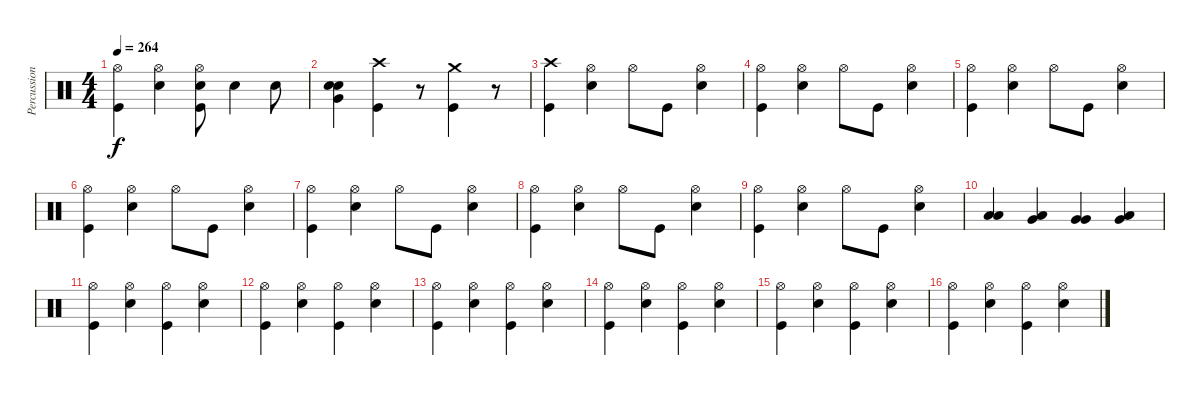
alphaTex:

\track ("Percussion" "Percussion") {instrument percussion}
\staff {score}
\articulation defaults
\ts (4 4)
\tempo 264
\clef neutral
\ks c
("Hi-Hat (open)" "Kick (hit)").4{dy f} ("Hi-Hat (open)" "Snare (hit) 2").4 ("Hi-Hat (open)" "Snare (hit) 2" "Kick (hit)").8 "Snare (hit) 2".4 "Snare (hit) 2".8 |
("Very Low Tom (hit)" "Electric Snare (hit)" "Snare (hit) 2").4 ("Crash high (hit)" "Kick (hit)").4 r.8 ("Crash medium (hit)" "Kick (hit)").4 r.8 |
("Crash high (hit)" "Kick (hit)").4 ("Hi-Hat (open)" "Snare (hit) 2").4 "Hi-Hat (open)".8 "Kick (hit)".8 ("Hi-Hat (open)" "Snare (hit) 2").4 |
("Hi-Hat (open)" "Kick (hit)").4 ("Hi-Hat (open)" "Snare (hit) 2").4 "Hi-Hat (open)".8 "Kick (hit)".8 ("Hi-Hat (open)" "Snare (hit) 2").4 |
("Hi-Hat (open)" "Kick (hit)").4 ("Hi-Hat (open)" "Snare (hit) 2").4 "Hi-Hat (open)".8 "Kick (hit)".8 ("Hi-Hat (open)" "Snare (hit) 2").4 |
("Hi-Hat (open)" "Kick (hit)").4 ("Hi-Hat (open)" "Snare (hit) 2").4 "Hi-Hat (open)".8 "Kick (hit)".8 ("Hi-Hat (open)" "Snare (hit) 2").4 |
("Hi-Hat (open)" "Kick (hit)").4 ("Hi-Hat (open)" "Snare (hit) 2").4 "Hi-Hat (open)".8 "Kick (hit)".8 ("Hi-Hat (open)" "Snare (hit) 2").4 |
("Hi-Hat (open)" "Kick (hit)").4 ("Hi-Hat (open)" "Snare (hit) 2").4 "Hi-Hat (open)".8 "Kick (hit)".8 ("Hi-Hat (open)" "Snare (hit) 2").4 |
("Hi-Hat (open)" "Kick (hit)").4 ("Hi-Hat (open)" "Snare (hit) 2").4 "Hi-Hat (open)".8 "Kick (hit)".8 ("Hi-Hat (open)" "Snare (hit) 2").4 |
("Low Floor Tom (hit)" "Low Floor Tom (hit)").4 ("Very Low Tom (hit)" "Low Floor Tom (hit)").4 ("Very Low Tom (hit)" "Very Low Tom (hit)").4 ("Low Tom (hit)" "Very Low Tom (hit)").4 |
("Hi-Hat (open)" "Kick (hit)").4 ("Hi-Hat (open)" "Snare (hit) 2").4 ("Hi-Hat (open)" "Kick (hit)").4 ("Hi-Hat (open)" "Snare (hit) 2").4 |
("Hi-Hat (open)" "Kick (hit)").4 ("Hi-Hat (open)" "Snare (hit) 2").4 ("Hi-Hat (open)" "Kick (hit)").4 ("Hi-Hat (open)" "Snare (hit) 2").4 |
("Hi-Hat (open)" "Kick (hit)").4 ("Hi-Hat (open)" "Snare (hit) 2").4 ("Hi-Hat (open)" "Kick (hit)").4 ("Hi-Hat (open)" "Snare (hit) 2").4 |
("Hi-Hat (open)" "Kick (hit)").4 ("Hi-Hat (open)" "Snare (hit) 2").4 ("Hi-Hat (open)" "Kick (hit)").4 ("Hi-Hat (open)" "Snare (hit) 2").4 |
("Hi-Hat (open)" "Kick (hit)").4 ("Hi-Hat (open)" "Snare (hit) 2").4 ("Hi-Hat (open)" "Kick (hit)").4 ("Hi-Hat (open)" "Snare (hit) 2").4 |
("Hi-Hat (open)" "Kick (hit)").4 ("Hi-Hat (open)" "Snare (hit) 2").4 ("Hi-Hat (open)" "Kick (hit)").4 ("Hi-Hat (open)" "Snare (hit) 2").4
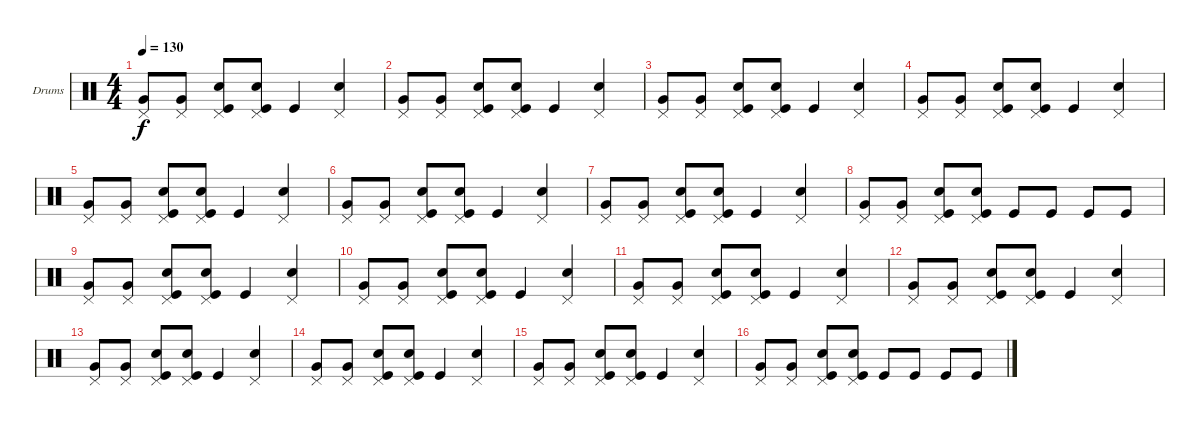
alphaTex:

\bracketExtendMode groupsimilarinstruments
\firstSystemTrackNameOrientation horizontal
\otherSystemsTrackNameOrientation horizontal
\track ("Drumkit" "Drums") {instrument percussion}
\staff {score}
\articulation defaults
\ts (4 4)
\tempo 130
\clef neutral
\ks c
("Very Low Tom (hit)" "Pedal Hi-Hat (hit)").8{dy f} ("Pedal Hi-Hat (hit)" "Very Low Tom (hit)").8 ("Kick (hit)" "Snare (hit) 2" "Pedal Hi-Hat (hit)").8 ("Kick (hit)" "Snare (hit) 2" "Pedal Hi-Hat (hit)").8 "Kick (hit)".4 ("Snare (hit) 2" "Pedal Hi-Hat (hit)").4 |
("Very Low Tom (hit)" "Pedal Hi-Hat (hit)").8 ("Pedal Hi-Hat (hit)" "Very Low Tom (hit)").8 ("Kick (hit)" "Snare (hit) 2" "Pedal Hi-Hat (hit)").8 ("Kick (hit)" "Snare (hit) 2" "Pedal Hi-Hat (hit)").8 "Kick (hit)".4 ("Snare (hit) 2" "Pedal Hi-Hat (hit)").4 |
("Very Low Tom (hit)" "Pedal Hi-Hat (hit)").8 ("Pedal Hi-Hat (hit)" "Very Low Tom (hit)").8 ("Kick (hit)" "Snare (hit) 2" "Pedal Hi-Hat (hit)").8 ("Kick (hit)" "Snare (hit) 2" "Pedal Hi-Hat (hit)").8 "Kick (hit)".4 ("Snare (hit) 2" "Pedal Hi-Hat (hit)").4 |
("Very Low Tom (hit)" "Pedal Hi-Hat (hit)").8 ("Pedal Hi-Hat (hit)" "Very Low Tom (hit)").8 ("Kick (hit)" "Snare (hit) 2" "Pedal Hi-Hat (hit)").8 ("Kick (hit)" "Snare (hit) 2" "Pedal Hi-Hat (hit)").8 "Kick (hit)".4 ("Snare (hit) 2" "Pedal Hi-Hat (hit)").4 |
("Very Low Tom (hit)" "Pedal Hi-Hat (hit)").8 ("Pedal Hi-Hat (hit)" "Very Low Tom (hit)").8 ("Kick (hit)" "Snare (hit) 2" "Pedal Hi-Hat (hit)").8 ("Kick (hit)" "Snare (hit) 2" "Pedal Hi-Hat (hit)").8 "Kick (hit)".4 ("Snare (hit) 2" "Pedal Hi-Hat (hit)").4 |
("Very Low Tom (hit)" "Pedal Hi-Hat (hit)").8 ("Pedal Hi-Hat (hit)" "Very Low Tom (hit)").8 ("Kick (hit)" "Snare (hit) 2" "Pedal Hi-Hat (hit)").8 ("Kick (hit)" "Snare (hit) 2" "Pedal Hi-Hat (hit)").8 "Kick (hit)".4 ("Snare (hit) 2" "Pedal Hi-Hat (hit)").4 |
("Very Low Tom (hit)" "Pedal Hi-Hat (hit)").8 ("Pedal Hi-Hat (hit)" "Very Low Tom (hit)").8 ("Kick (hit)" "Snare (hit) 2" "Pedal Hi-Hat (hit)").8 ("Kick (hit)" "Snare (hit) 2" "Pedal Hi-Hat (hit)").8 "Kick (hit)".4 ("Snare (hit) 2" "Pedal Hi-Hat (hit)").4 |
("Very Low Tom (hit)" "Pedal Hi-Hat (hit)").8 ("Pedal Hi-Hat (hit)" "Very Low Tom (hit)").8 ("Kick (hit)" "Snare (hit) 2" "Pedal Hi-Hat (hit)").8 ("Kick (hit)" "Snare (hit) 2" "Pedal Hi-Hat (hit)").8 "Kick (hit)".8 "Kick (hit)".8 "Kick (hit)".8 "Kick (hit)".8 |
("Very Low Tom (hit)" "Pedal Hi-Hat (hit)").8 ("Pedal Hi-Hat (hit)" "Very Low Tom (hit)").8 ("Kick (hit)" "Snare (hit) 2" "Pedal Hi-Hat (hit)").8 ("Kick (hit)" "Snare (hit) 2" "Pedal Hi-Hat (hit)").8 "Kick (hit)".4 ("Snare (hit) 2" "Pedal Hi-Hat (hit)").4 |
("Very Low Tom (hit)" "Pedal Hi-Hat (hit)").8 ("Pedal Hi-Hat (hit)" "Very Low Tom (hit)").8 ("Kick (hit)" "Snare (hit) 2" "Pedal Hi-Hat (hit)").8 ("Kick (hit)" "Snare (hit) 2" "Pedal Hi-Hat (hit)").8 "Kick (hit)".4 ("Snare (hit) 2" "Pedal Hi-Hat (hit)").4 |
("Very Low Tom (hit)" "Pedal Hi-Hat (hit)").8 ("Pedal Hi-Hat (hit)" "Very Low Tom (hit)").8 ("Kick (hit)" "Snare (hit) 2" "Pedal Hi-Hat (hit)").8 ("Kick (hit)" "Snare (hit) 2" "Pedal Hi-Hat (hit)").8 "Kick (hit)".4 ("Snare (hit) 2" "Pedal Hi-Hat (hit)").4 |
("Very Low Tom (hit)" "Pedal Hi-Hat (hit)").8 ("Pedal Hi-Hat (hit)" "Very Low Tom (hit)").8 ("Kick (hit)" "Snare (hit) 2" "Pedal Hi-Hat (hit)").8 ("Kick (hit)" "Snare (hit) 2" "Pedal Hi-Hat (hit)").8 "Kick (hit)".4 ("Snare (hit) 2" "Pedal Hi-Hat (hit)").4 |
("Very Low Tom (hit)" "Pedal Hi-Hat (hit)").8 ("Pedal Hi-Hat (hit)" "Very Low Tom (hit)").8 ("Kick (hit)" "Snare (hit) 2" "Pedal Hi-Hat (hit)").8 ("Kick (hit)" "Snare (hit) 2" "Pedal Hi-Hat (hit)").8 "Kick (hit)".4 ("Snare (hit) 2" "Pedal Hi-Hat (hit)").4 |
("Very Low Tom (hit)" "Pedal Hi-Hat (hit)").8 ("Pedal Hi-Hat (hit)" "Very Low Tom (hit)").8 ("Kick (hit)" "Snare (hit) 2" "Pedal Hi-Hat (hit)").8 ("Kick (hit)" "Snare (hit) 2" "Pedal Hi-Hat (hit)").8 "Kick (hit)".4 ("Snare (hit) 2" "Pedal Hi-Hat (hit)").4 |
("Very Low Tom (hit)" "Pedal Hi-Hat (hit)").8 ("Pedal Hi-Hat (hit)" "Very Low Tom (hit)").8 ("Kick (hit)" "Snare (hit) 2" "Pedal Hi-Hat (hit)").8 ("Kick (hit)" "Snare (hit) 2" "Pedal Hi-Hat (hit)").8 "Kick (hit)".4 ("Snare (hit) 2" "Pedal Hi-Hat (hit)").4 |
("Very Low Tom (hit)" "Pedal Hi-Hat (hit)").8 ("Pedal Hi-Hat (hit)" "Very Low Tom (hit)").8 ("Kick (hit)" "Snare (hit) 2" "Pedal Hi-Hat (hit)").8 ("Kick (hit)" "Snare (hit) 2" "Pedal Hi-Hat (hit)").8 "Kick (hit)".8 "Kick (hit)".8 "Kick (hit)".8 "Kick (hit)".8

_Work task:_
Filter the records above down to the lines containing "high".

_Result for this exercise:_
("Very Low Tom (hit)" "Electric Snare (hit)" "Snare (hit) 2").4 ("Crash high (hit)" "Kick (hit)").4 r.8 ("Crash medium (hit)" "Kick (hit)").4 r.8 |
("Crash high (hit)" "Kick (hit)").4 ("Hi-Hat (open)" "Snare (hit) 2").4 "Hi-Hat (open)".8 "Kick (hit)".8 ("Hi-Hat (open)" "Snare (hit) 2").4 |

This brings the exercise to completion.